March 17, 2012 by Janesville Gazette — “We believe,” the Warhawk fans chanted here Saturday night.. It seemed more hoping and wishing than actual belief at the time, but it was well-founded as UW-Whitewater erased an 18-point deficit and won the NCAA Division III national championship over Cabrinia College in a 63-60 thriller. The victory gave UW-Whitewater both the national football and men’s basketball titles in the same year. No other Division III team has ever achieved that feat, and only the University of Florida has done that in any division.

The University of Tennessee football team and women’s basketball team both won national titles in the same year. With 7:22 left in the national championship game, UW-Whitewater fans started their familiar chant of belief. Just minutes prior to that timeout, not many Warhawk fans were outwardly expressing any confidence. Whitewater trailed, 47-29, with 14:43 to play and nothing appeared to be going the Warhawks’ way.

Leading scorer Chris Davis had just gathered in a defensive rebound, only to have the ball snatched from his hands and stuck in the hoop by Cavalier big man Jon Miller. Davis was whistled for a foul and had a look of disbelief at the way the game was progressing. He had two points, both free throws, at the time. Davis and the Warhawk faithful had no reason to believe the game was about to change, but momentum is a fickle friend and it switched out of the Cabrini blue and donned the white uniform of the Warhawks the rest of the game. That uniform might have been the No. 10 of Quardell Young. The freshman guard split the Cavalier defense on three straight possessions and served notice that the Warhawks were not finished.
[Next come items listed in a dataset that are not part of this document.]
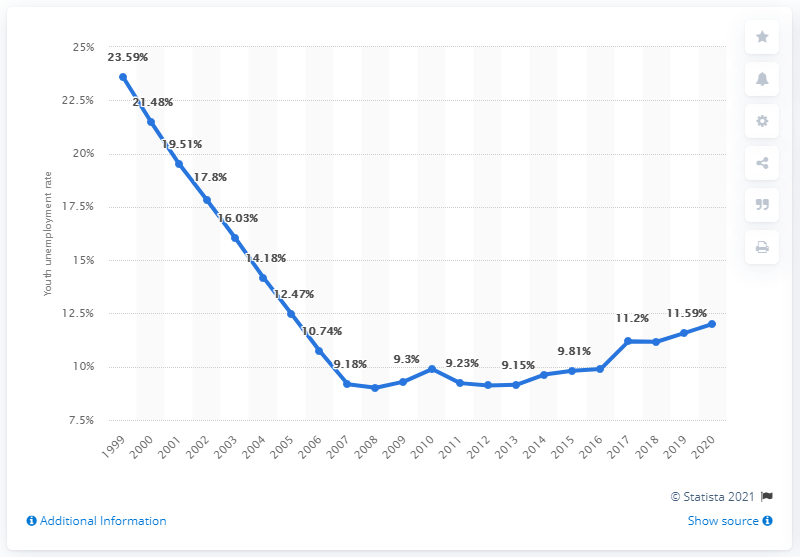Give some essential details in this illustration. The youth unemployment rate in Uzbekistan in 2020 was 12.01%. 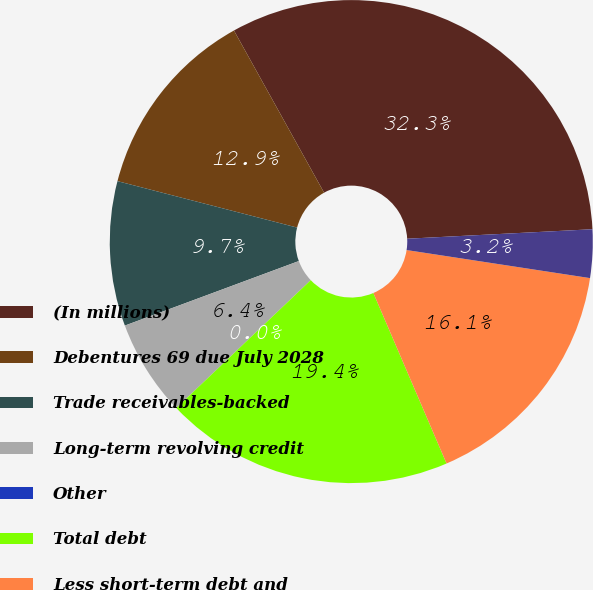Convert chart to OTSL. <chart><loc_0><loc_0><loc_500><loc_500><pie_chart><fcel>(In millions)<fcel>Debentures 69 due July 2028<fcel>Trade receivables-backed<fcel>Long-term revolving credit<fcel>Other<fcel>Total debt<fcel>Less short-term debt and<fcel>Less unamortized discounts<nl><fcel>32.26%<fcel>12.9%<fcel>9.68%<fcel>6.45%<fcel>0.0%<fcel>19.35%<fcel>16.13%<fcel>3.23%<nl></chart> 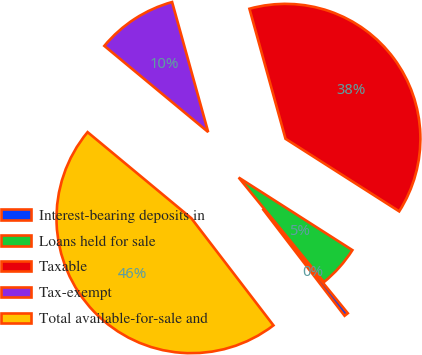<chart> <loc_0><loc_0><loc_500><loc_500><pie_chart><fcel>Interest-bearing deposits in<fcel>Loans held for sale<fcel>Taxable<fcel>Tax-exempt<fcel>Total available-for-sale and<nl><fcel>0.48%<fcel>5.07%<fcel>38.35%<fcel>9.67%<fcel>46.43%<nl></chart> 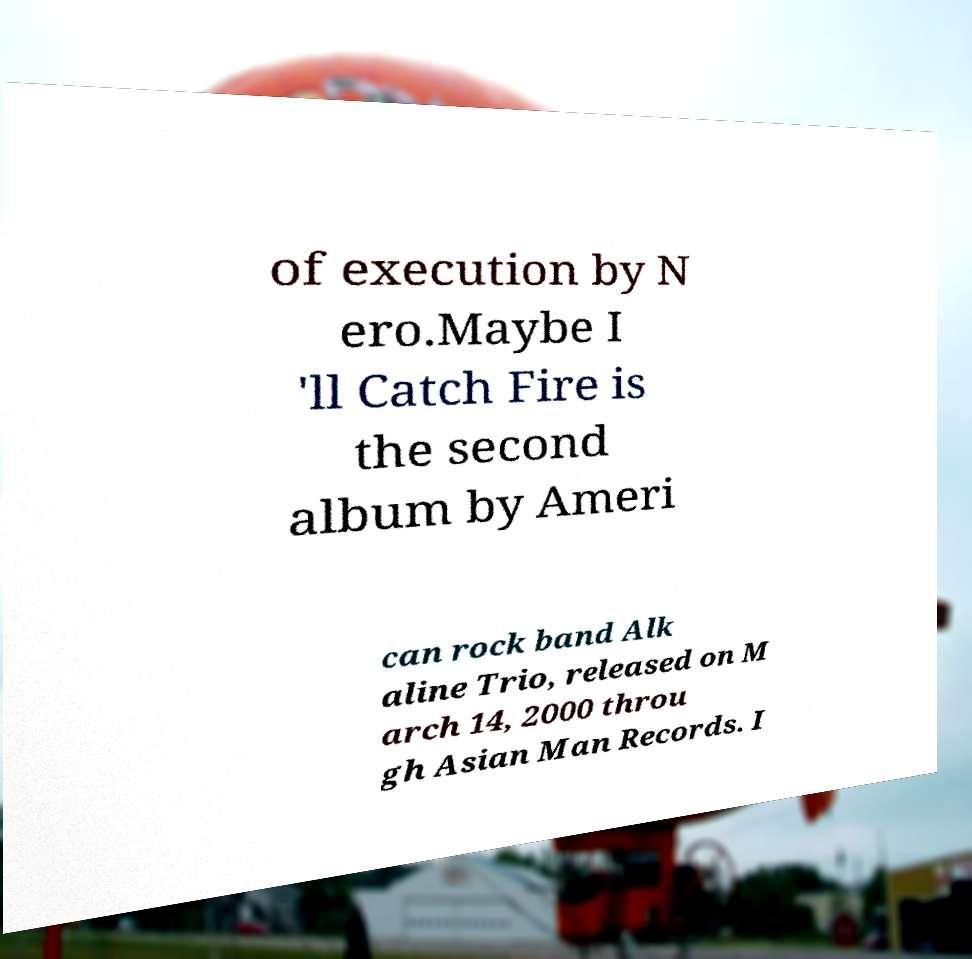What messages or text are displayed in this image? I need them in a readable, typed format. of execution by N ero.Maybe I 'll Catch Fire is the second album by Ameri can rock band Alk aline Trio, released on M arch 14, 2000 throu gh Asian Man Records. I

Coach Pat Miller, who was a player on Whitewater’s last national championship team in 1989, said Young’s penetration was the first success the Warhawks had stabbing the Cabrini defense. “We hadn’t been able to break them down or get the ball inside successfully,” Miller said. “That was the first time we got inside successfully and got them out of position. That opened other things up.” Miller said Young’s dribble drive was not high on the offensive game plan. “We always go into a game with multiple game plans and it’s usually A, B, or C. I think it was to about ‘G’ as we were trying to figure out what we were going to do to score and get ourselves back into the game,” Miller said.

Cabrini coach Marcus Kahn put the credit for turning the game squarely on Young. “I thought that No. 10 coming in and taking it to the rack three times in a row on us,” Kahn said. “That hurt us. I thought that was the tide turning part. Those three layups he got when we stopped challenging. That’s what put us on our heels, on both ends of the floor.” The Warhawks (29-4) trailed by only three when the chants of “We believe” started, and Alex Edmunds trimmed that to one skinny point on the next possession. He finished with 11 points, one better than Young’s 10 and behind leading Warhawk scorer Davis, who had 12. Edmunds’ layup was a relief because he missed close shots in the early going.

The Warhawks were being denied by a finicky rim more than the Cavalier defense in the first half, shooting 33 percent, missing six shots from close range. Davis had a three-pointer during the deficit-cutting run, but it wasn’t until he buried a trey with 3:19 remaining that the Warhawks tied the game. John Boyd led all scorers with 18 points, but the Warhawk defense was able to prevent him and Cory Lemons from shredding them the way Cabrini had to most of its opponents. The Cavaliers averaged 85 ppg this season and made a living making shots from behind the arc. The Warhawks held them to 5-of-23 shooting from long range. They shot only 34 percent from the floor in the game. Miller credited the composure of his team with allowing the comeback. “With this team, we’ve been there,” he said. “They didn’t panic; didn’t start blaming each other and kept their composure. A lot of that is due to the tough and physical conference we play in.”

The Warhawks celebrate their fifth national title in Salem, the other four coming in the Stagg Bowl at Salem Football Stadium about 300 yards from the basketball arena. For Miller, who knows what it’s like to win as a player and a coach, he said being a player is better. “It’s really different. I think it’s better as a player. I tell these guys and I’m only half-joking that when they win, I don’t want the credit, but when they lose I don’t necessarily think that’s my fault,” Miller said with a laugh.